No quería ver a ninguno de esos dos ahora mismo.
Tan pronto como Trey salió por la puerta, Melissa y Callie me atacaron.
—Liz, ¿por qué no me dijiste que Kevin era algo sacado directamente de una película de fantasía?
—susurró a gritos Callie.
Le sonreí a Kevin.
—Al fin les contaste.
Él me devolvió la sonrisa y se masajeó el brazo.
—Callie se asustó y me lanzó una piedra —hizo una mueca.
—¿Estás bien?
—pregunté, acercándome rápidamente para examinar su brazo, pero él solo sonrió.
Ni siquiera había un moretón.
—En mi defensa, pensé que estabas bromeando —gritó Callie—.
Estaba protegiendo a Mel.
—No me uses como excusa —se rio Melissa.
—Ignora los detalles menores —sonrió Callie mientras se volvía hacia mí.
Melissa sacudió la cabeza, todavía bastante incrédula—.
Quién hubiera pensado que nos ocultabas algo así.

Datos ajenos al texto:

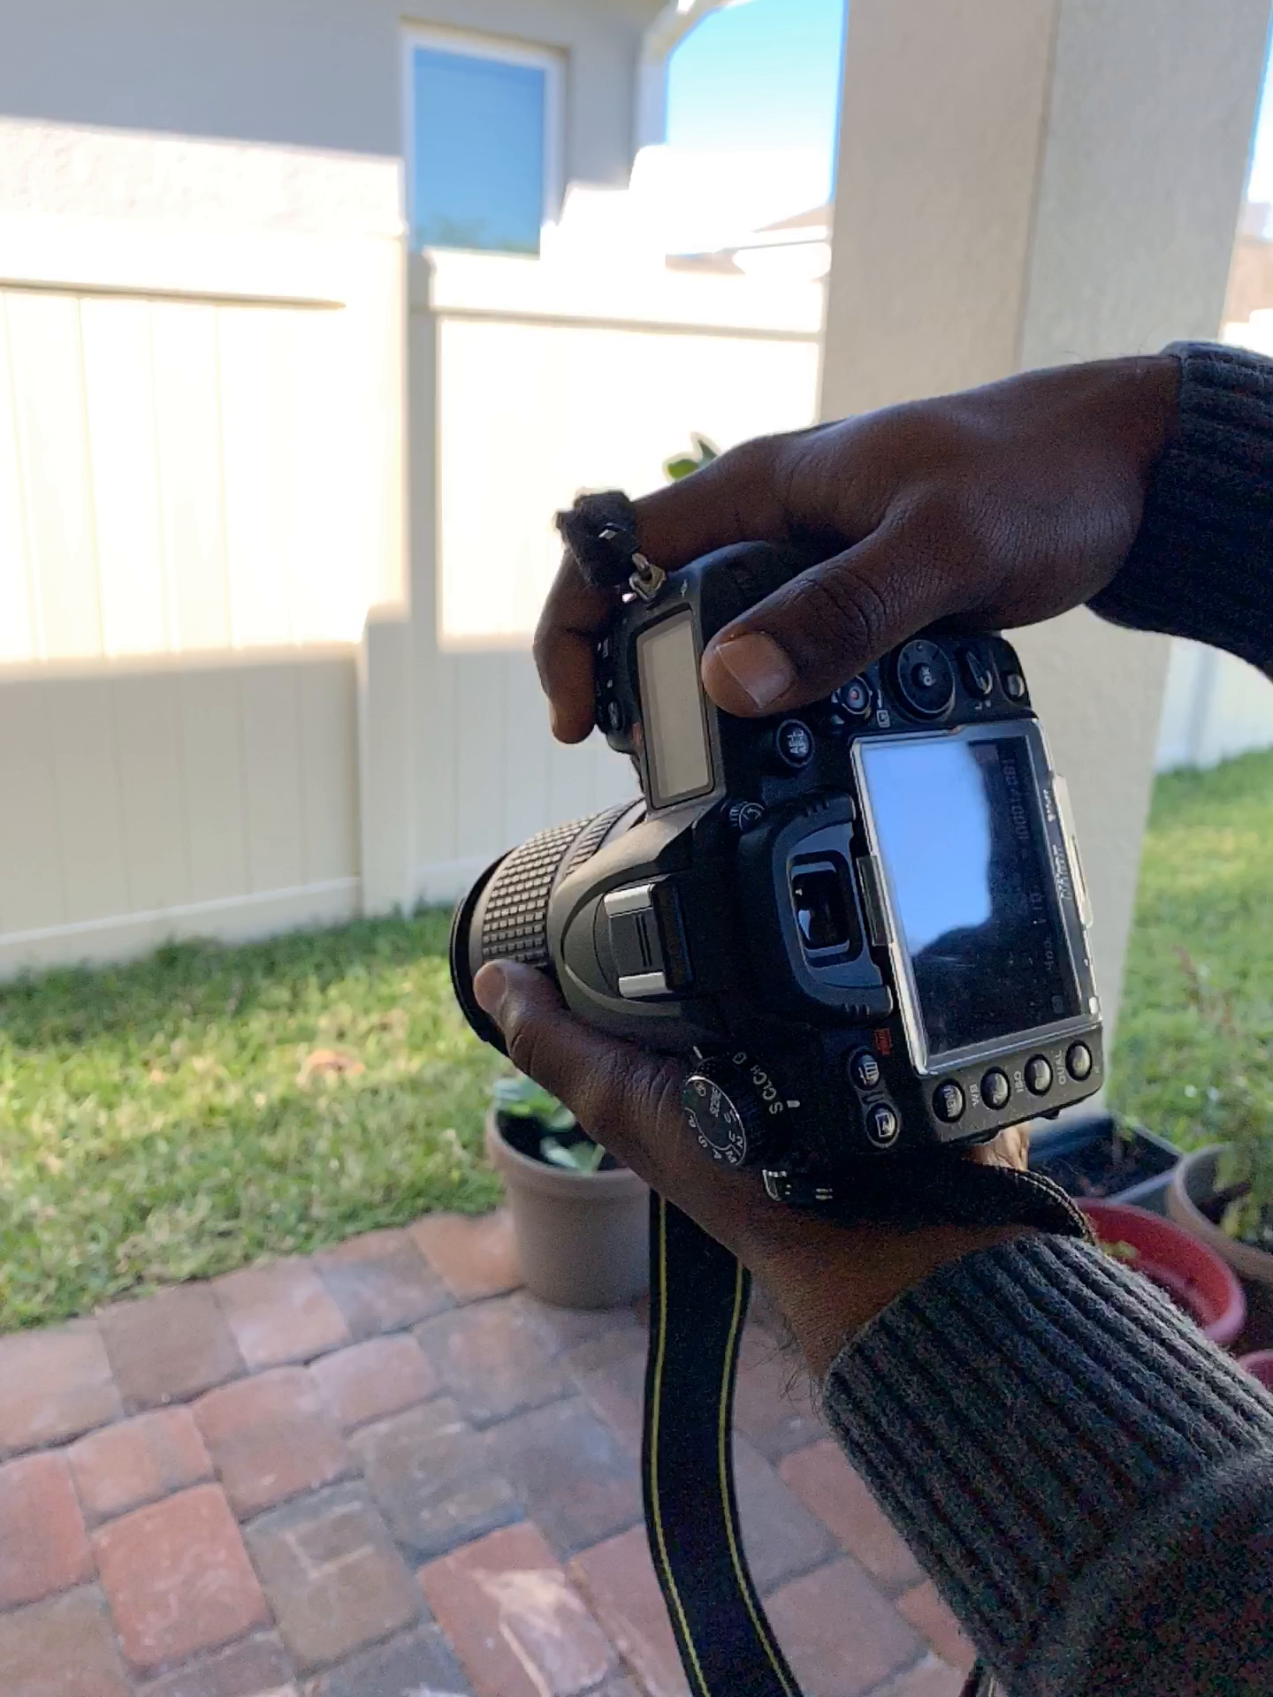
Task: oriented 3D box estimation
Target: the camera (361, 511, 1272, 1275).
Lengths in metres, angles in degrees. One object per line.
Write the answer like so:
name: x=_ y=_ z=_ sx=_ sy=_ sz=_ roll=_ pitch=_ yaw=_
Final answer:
camera: x=0.024 y=0.007 z=0.286 sx=0.090 sy=0.110 sz=0.170 roll=-10 pitch=1 yaw=-33
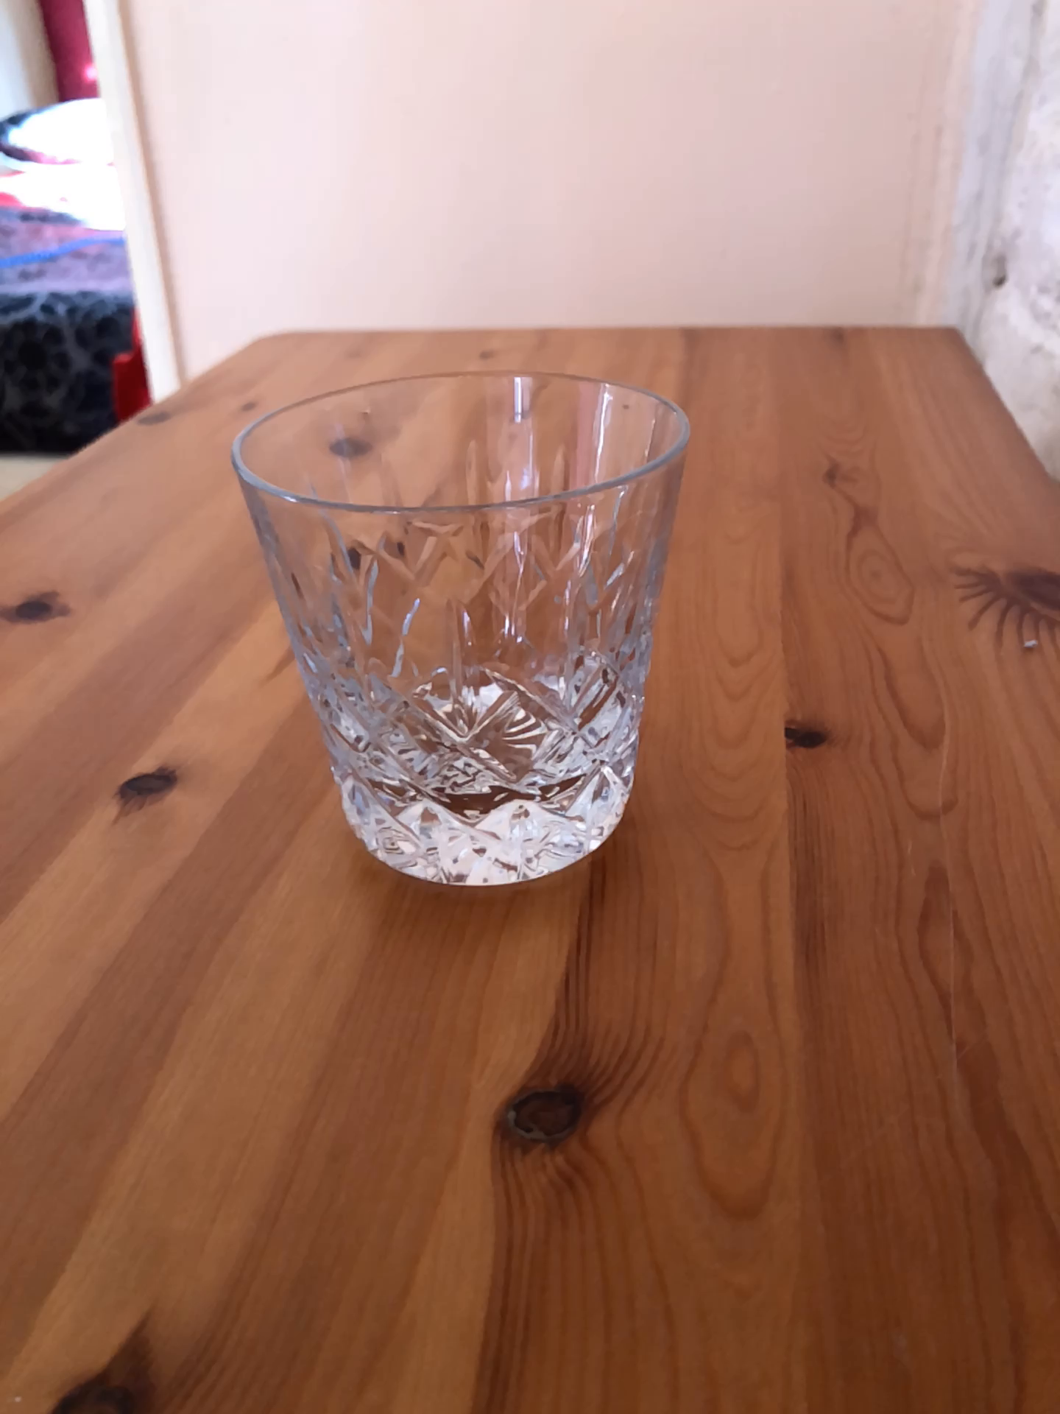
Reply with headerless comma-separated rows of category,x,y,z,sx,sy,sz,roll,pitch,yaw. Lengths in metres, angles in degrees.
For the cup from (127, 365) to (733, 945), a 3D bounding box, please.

Kevin se encogió de hombros.
—Solo estaba esperando el momento adecuado para decírselos.
—Están tomando esta información mejor de lo que yo lo hice.
—Bueno, tuvieron tiempo suficiente para asustarse antes de que volviéramos.

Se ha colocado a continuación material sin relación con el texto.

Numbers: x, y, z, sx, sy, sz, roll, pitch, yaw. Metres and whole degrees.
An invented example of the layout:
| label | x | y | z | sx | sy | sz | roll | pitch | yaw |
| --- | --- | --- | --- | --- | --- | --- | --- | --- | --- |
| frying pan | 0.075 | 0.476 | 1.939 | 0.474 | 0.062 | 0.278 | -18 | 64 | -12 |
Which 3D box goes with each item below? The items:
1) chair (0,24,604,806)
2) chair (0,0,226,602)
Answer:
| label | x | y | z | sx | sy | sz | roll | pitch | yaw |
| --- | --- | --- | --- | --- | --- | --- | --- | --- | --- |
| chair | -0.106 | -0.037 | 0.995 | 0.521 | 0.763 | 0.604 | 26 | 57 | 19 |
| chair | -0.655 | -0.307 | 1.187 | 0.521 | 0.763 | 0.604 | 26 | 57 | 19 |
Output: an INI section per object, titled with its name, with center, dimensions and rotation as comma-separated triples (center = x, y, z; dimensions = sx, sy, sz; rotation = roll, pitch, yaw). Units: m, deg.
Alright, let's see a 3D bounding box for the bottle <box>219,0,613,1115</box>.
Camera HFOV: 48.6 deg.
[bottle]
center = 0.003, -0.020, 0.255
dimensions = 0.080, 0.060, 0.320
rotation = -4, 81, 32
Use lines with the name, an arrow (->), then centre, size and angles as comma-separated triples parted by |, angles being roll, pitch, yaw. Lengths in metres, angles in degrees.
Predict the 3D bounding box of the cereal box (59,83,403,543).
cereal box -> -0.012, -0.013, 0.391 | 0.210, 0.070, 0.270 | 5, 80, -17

Recuerden, no pueden contarle a Demetri y Trey ni a nadie más sobre esto, ¿de acuerdo?
—les recordó—.
¿También les contaste sobre Ashton?
—pregunté.
—Sí, pero todavía no saben sobre todo el asunto de las almas gemelas.
Eso te toca explicarlo a ti —sonrió y salió corriendo de la cocina antes de que pudiera atraparlo.
—No puedo creer que Ashton sea un príncipe —suspiró Melissa—.
Es difícil de creer.
Pensaba que el Príncipe Ashton se suponía que estaba fuera del reino.
—Para que conste, eso es lo que piensa todo el mundo en el reino también.
Kevin realmente les contó todo.
Estuvieron fuera mucho tiempo.
—Estoy en shock —suspiró Callie, robando una rodaja de piña.
La miré con severidad, pero la dejé salirse con la suya.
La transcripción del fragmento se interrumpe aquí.